The Foundation says it aims to give children the best start in life by establishing and developing existing early educational services in a sustainable way.

In low-income countries such as Lesotho, more than 80 percent of children do not have access to early education, it notes.

During his visit, Federer met with key stakeholders including His Majesty King Letsie III and Her Majesty Queen ’Masenate Mohato Seeiso, Prime Minister Samuel Matekane, minister of education and training Ntoi Rapapa, international and local donors, as well as representatives from the corporate and non-profit sectors.

He also visited some primary schools across the country to learn about the impact of the School Readiness Initiative.

In a press statement, the Foundation said the project aims to advance the United Nations Sustainable Development Goal 4.2 and Lesotho’s national education polices that seek to ensure that all children participate in quality and organised learning before they start the first grade of primary school, through Reception Class.

“The programme fulfills this mandate through raising awareness and capacitating all Reception Classes to meet their roles and responsibilities by 2025.

“It also seeks to ensure that at least 800 institutions have age-appropriate play-based learning environments and materials inside and outside the classroom, including natural playgrounds built by local communities using locally available resources.

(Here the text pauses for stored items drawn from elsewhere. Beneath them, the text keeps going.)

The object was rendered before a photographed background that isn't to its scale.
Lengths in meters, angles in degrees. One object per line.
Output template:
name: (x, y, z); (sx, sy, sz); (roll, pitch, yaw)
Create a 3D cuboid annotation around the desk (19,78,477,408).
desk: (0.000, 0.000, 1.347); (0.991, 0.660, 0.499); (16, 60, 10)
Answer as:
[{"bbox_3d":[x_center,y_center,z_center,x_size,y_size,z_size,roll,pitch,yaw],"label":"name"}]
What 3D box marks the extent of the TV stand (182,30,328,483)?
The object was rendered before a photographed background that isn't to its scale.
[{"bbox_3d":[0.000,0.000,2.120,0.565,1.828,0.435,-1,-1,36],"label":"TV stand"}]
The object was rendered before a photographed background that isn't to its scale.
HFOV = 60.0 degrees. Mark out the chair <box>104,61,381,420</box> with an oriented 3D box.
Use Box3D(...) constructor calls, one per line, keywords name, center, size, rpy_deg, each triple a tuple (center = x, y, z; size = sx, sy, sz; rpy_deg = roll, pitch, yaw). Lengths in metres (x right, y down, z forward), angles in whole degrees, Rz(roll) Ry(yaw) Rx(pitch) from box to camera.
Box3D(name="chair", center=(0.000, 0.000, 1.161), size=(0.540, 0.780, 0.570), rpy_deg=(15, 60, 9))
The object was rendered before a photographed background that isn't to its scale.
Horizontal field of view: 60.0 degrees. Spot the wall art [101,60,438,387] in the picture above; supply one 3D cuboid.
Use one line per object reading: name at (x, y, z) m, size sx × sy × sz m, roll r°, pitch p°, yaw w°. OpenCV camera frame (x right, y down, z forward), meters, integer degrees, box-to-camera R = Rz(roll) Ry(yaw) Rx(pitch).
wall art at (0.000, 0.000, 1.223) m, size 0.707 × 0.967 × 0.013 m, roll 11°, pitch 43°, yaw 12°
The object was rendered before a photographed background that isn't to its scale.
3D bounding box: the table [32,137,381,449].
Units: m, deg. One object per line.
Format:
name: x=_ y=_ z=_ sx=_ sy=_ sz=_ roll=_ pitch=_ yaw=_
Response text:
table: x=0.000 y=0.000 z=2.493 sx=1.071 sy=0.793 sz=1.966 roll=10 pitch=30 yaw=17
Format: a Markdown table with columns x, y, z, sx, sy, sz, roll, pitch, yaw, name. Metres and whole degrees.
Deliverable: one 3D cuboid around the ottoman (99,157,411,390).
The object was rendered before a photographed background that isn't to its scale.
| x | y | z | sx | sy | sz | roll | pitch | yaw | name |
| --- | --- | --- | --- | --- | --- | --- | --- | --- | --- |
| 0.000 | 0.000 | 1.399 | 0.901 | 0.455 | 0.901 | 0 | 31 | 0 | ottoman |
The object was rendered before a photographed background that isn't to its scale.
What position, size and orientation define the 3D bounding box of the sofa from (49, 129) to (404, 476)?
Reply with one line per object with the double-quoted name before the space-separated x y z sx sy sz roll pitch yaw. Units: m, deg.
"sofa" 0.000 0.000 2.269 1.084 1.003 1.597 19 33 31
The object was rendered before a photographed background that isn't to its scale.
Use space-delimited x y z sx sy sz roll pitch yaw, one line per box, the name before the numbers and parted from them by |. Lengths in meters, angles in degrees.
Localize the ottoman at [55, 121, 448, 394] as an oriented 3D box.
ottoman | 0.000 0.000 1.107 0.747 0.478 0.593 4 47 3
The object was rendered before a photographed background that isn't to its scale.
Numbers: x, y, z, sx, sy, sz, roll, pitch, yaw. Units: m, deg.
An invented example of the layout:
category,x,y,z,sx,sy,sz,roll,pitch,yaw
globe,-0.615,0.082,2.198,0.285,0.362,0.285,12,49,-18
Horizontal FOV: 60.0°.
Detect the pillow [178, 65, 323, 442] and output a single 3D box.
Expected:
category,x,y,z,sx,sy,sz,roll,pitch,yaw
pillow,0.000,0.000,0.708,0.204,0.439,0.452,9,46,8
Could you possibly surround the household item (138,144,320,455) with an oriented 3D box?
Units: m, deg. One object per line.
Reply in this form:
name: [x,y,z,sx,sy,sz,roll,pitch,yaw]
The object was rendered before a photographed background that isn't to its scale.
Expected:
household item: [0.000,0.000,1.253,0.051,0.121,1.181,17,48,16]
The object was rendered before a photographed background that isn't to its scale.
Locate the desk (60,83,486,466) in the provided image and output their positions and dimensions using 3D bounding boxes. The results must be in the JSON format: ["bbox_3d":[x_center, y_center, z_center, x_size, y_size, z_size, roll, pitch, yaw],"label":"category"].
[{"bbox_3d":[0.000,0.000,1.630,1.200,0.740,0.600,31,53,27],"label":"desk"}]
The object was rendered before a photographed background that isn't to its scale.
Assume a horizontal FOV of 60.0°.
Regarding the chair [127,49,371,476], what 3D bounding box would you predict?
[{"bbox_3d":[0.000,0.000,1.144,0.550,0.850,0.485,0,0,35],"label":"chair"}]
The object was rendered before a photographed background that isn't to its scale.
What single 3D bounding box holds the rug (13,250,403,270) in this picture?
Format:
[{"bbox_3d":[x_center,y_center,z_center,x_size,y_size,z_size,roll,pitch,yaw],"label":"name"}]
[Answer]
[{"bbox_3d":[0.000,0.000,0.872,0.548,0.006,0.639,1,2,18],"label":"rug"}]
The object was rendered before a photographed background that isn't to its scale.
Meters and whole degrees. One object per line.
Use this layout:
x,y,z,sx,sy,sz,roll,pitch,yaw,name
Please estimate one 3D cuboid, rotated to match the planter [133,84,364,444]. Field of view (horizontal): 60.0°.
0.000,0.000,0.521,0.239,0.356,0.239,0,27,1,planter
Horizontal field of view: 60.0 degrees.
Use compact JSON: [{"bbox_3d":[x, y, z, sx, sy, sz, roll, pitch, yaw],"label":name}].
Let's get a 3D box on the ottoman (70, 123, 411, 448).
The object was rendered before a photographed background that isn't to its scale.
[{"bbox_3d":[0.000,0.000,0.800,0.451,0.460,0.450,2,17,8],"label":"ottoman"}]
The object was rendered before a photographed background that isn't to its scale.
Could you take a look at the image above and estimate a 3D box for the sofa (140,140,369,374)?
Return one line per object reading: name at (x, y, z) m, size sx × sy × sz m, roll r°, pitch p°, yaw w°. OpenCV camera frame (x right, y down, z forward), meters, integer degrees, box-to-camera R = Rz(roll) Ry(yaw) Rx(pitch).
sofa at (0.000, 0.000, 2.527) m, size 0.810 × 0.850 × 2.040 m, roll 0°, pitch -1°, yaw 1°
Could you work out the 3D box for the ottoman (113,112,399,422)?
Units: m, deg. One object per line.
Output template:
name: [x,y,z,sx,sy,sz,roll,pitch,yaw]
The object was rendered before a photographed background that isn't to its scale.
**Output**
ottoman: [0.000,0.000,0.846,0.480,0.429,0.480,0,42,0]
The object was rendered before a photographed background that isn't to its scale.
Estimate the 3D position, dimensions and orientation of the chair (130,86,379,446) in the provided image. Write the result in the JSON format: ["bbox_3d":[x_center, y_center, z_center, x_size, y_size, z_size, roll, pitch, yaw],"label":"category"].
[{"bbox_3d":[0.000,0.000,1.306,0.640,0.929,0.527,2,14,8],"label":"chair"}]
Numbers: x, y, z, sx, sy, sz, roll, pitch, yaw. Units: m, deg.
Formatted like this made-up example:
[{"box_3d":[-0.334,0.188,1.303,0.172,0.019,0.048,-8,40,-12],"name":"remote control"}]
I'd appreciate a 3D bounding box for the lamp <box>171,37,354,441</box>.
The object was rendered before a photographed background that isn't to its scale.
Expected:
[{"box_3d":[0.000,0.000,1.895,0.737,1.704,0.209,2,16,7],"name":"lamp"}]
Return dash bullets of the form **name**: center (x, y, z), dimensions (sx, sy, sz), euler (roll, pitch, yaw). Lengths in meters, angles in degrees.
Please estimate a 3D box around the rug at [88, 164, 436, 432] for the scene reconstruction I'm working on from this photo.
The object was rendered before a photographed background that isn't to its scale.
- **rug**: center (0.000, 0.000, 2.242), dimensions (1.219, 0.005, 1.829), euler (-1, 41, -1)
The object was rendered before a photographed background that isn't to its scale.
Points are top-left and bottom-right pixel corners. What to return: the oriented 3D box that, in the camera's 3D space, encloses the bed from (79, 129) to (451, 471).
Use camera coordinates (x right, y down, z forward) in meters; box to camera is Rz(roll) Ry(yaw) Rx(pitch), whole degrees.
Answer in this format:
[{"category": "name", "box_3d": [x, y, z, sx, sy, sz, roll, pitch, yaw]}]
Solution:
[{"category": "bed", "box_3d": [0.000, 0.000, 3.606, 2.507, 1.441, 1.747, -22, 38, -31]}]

“The third objective of the programme is to ensure that Reception Class teachers have appropriate knowledge and competencies to facilitate play-based teaching and learning that is appropriate for Reception Class and ensure that the children are ready for their first grade of primary school,” the statement said.

Unlike traditional methods of training and resourcing teachers, this programme has the advantage of innovative information and technology approaches by providing teachers with a tablet that contains digital resources and Android applications, including a course that fosters peer-to-peer learning among early grade teachers, which results in training cost savings.

The tablets do not need internet while in use and teachers get solar units to keep their tablets charged if they do not have access to electricity.

“The Foundation believes that investing in the early education of Basotho children is investing in a better future for the country.

“Investment in early childhood education should be prioritised to improve the children’s academic performance in later years, which has a positive ripple effect,” the organisation added.

Federer said the Foundation is committed to scaling up the School Readiness Initiative in Lesotho, to strengthening advocacy messages to other actors and to mobilising additional resources for the sector.

Speaking in Maseru this week, the tennis icon said the Foundation’s work can only have a greater, more positive impact if the Government of Lesotho puts preschool education highest on its priority list and allocates more resources to the sector. “The business and development partners will also need to join in. They need to speed up coordination efforts to pool resources towards a unified vision for ECCE And when that accelerated effort happens, we will see more Reception Classes being attached and opened in all primary schools; more qualified Reception Class teachers being hired and more quality assurance investments being made at all levels of government to deliver quality equitable early childhood education. The responsibility is ours. Let’s accept it and move to action.”